All scripts return structured JSON for programmatic parsing:

```json
{
  "status": "ok|warning|critical|error",
  "summary": {
    "...": "aggregated metrics"
  },
  "data": [...],
  "recommendations": [...]
}
```

Status messages go to stderr, JSON to stdout. This allows:

```bash
# Silent execution, capture JSON
bash scripts/query-apm.sh --service my-service --duration 1h 2>/dev/null | jq '.summary'

# Log messages only
bash scripts/query-apm.sh --service my-service --duration 1h >/dev/null

# Both
bash scripts/query-apm.sh --service my-service --duration 1h
```

## Best Practices

**Query Optimization**
- Use specific time ranges to reduce API calls
- Filter by service/environment early
- Paginate large result sets
- Cache results when appropriate

**Alert Investigation**
- Start with Watchdog anomalies (automated detection)
- Correlate security signals with application errors
- Check metrics for trend confirmation
- Search logs for detailed context

**Cost Control**
- Run analyze-usage-cost.sh monthly
- Implement high-priority recommendations first
- Monitor sampling rates for high-volume services
- Track custom metric growth

**Security Monitoring**
- Query security signals daily (automated check)
- Filter by critical severity for alerting
- Correlate with log patterns
- Track attack trends over time

## Limitations

- API rate limits apply (varies by endpoint)
- Historical data retention depends on Datadog plan
- Real-time queries have eventual consistency
- Requires live Datadog data (APM, logs, security monitoring)

## Resources

- [Datadog API Documentation](https://docs.datadoghq.com/api/)
- [APM Query Syntax](https://docs.datadoghq.com/tracing/trace_explorer/query_syntax/)
- [Log Query Syntax](https://docs.datadoghq.com/logs/explorer/search_syntax/)
- [Watchdog Alerts](https://docs.datadoghq.com/watchdog/alerts/)
- [Security Monitoring](https://docs.datadoghq.com/security/application_security/)
- [Usage Metering API](https://docs.datadoghq.com/api/latest/usage-metering/)

## Notes

This skill provides comprehensive Datadog automation: query live data to investigate issues AND create infrastructure (monitors, dashboards, incidents) for ongoing operations. It does not handle installation or initial setup - use Datadog documentation for that.

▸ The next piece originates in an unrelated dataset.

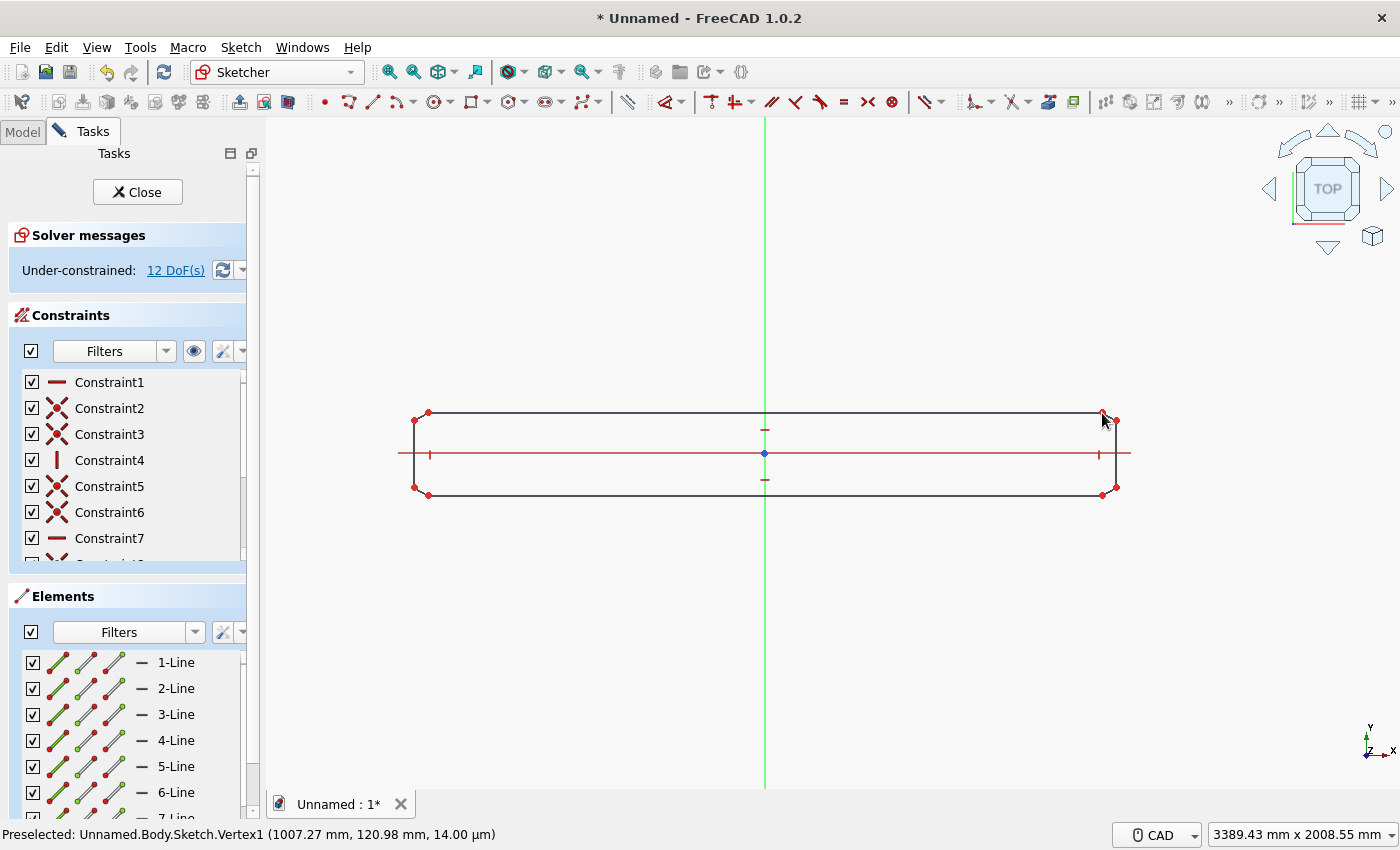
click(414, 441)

**Investigation:** Query APM, logs, metrics, security signals, SLOs, costs, and LLM usage to debug production issues.

**Automation:** Create monitors, generate dashboards, trigger workflows, manage incidents, and mute alerts during maintenance.

All scripts return structured JSON for integration with CI/CD pipelines, ChatOps workflows, and automation platforms.